The long-term need for revisional procedures following LAGB is 8–60 % [12]. In a published series of 3,227 patients who had undergone LAGB from 1994 to 2011 [12], there was 47.1 % EWL at 15 years (N = 54; 95 % CI = 8.3) and 62 % EWL at 16 years (N = 14; 95 % CI = 13.6). Revisional procedures were performed for proximal enlargement (26 %), erosion (3.4 %), and port and tubing problems (21 %). The band was explanted in 5.6 %. The need for revision decreased as the technique evolved, with 40 % revision rate for proximal gastric enlargements in the first 10 years, reducing to 6.4 % in the past 5 years. The revision group showed a similar weight loss to the overall group beyond 10 years. There was no perioperative mortality for the primary placement or for any revisional procedures.

Impact of Different Methods of Band Placement

Perigastric Dissection

The perigastric pathway was the traditional dissection for placement of the band. One significant problem with this dissection was the band placement through the lesser sac cavity just at the apex. The smooth peritonealized surface of the posterior wall of the stomach could be drawn across the band in response to force (i.e., vomiting) creating a posterior gastric prolapse. The perigastric technique was used in early experience and, along with steep learning curves on the part of the surgeons and early deficiencies in postoperative management protocols, probably contributed to poor results in some centers. In a prospective randomized comparison study [10] between both techniques, the perigastric technique patients had significantly higher incidence of prolapse (mainly posterior) compared with the pars flaccida group (16 % vs. 4 % at 2-year follow-up). Longer follow-up of the perigastric technique, up to 12 years, has demonstrated a high incidence of posterior pouch enlargements and band erosions were encountered [12, 30]. The perigastric approach should be considered a historical technique that has almost disappeared in published clinical practices.

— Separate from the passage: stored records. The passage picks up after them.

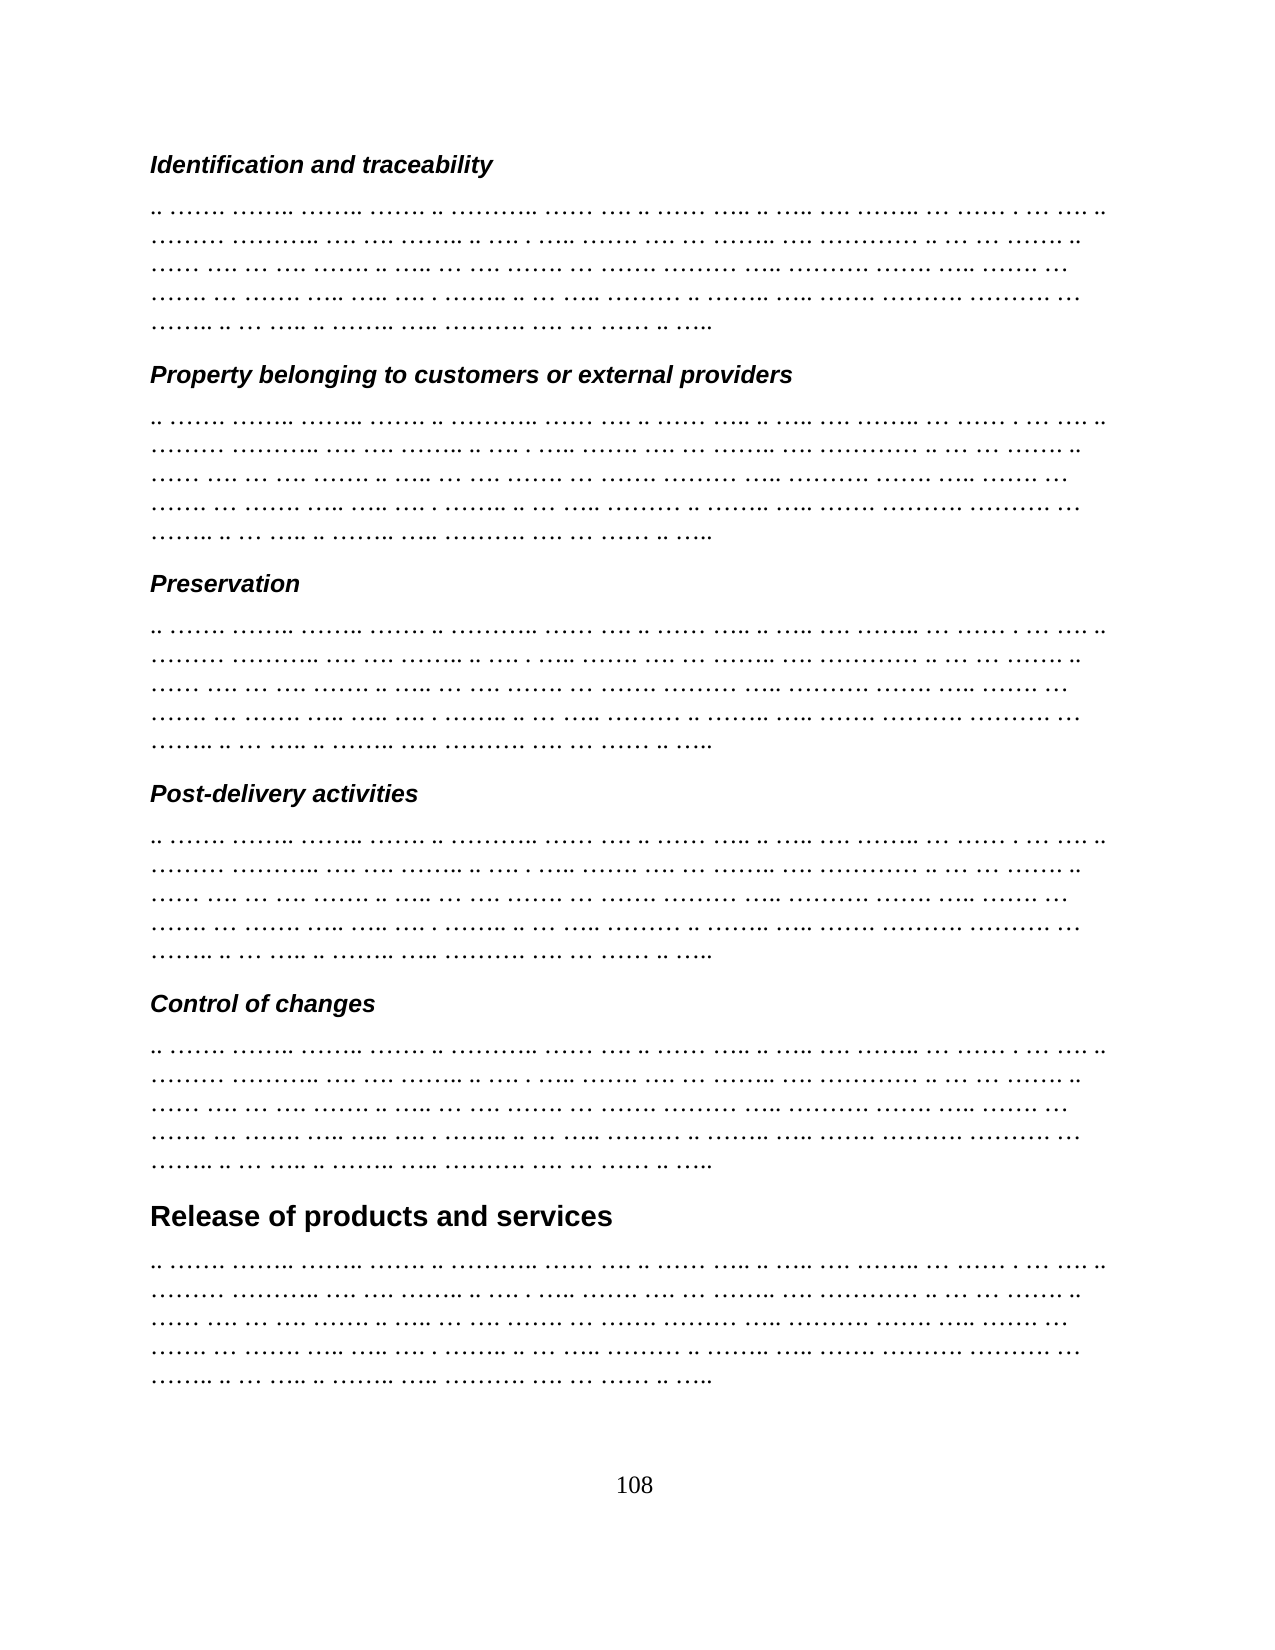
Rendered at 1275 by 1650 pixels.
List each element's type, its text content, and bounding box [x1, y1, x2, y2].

subtitle Release of products and services [150, 1199, 1125, 1232]
text .. ……. …….. …….. ……. .. ……….. …… …. .. …… ….. .. ….. …. …….. … …… . … …. .. ……… ……….. …. …. …….. .. …. . ….. ……. …. … …….. …. ………… .. … … ……. .. …… …. … …. ……. .. ….. … …. ……. … ……. ……… ….. ………. ……. ….. ……. … ……. … ……. ….. ….. …. . …….. .. … ….. ……… .. …….. ….. ……. ………. ………. … …….. .. … ….. .. …….. ….. ………. …. … …… .. ….. [150, 1030, 1125, 1174]
subtitle Post-delivery activities [150, 779, 1125, 808]
text .. ……. …….. …….. ……. .. ……….. …… …. .. …… ….. .. ….. …. …….. … …… . … …. .. ……… ……….. …. …. …….. .. …. . ….. ……. …. … …….. …. ………… .. … … ……. .. …… …. … …. ……. .. ….. … …. ……. … ……. ……… ….. ………. ……. ….. ……. … ……. … ……. ….. ….. …. . …….. .. … ….. ……… .. …….. ….. ……. ………. ………. … …….. .. … ….. .. …….. ….. ………. …. … …… .. ….. [150, 1245, 1125, 1389]
text .. ……. …….. …….. ……. .. ……….. …… …. .. …… ….. .. ….. …. …….. … …… . … …. .. ……… ……….. …. …. …….. .. …. . ….. ……. …. … …….. …. ………… .. … … ……. .. …… …. … …. ……. .. ….. … …. ……. … ……. ……… ….. ………. ……. ….. ……. … ……. … ……. ….. ….. …. . …….. .. … ….. ……… .. …….. ….. ……. ………. ………. … …….. .. … ….. .. …….. ….. ………. …. … …… .. ….. [150, 401, 1125, 544]
text .. ……. …….. …….. ……. .. ……….. …… …. .. …… ….. .. ….. …. …….. … …… . … …. .. ……… ……….. …. …. …….. .. …. . ….. ……. …. … …….. …. ………… .. … … ……. .. …… …. … …. ……. .. ….. … …. ……. … ……. ……… ….. ………. ……. ….. ……. … ……. … ……. ….. ….. …. . …….. .. … ….. ……… .. …….. ….. ……. ………. ………. … …….. .. … ….. .. …….. ….. ………. …. … …… .. ….. [150, 820, 1125, 964]
text .. ……. …….. …….. ……. .. ……….. …… …. .. …… ….. .. ….. …. …….. … …… . … …. .. ……… ……….. …. …. …….. .. …. . ….. ……. …. … …….. …. ………… .. … … ……. .. …… …. … …. ……. .. ….. … …. ……. … ……. ……… ….. ………. ……. ….. ……. … ……. … ……. ….. ….. …. . …….. .. … ….. ……… .. …….. ….. ……. ………. ………. … …….. .. … ….. .. …….. ….. ………. …. … …… .. ….. [150, 191, 1125, 335]
subtitle Control of changes [150, 989, 1125, 1018]
subtitle Identification and traceability [150, 150, 1125, 178]
subtitle Property belonging to customers or external providers [150, 360, 1125, 388]
subtitle Preservation [150, 569, 1125, 598]
text .. ……. …….. …….. ……. .. ……….. …… …. .. …… ….. .. ….. …. …….. … …… . … …. .. ……… ……….. …. …. …….. .. …. . ….. ……. …. … …….. …. ………… .. … … ……. .. …… …. … …. ……. .. ….. … …. ……. … ……. ……… ….. ………. ……. ….. ……. … ……. … ……. ….. ….. …. . …….. .. … ….. ……… .. …….. ….. ……. ………. ………. … …….. .. … ….. .. …….. ….. ………. …. … …… .. ….. [150, 611, 1125, 754]

Band Placement Without Gastro-Gastric Plication

Few authors have suggested the placement of a gastric band without gastro-gastric plication. In this technique the band is being placed in a similar fashion as described in the pars flaccida dissection. Care is taken to make very minimal dissection at the angle of His creating a small opening just big enough for the dissector. Also during the retrogastric dissection, meticulous attention is given to the creation of a very narrow retrogastric tunnel before the introduction of the laparoscopic adjustable gastric band. It has been suggested that the narrow and tight posterior tunnel will hold the band in the appropriate position avoiding slippage. No gastro-gastric imbrication sutures are placed. Slow and very gradual adjustments with careful monitoring to avoid vomiting may help to prevent band displacement.

Two randomized control studies comparing this technique with the traditional placement with imbrication plication sutures have been published with opposite results. In the first one, Fried et al. [50] compared 50 patients in each group showing no difference in band slippages or erosions at 3-year follow-up. In the second one, Lazzati et al. [51] studies 81 patients divided into two groups and early termination of the study was documented secondary to three early slippages in the non-plication group. This technique needs to be studied further and it is not well accepted within the bariatric surgery community.

Summary

The LAGB helps to develop early satiation following a small meal followed by a prolonged period of satiety. Weight loss is variable ranging from 36 to 56 % of the excess body weight at 3–5 years and an average of 48 % at long-term follow-up (≥10 years) with a need for both of revision and removals.

Type 2 diabetes resolution can be achieved in 40–56 % at 2–5 years follow-up and it is dependent on weight loss, and severity and duration of diabetes before surgery. Other comorbidities and quality of life also improve.

There is a 64–72 % lower risk of death at 5 years after the LAGB and the cost-effectiveness is significant, with net costs of banding reduced to zero in 4 years after band placement.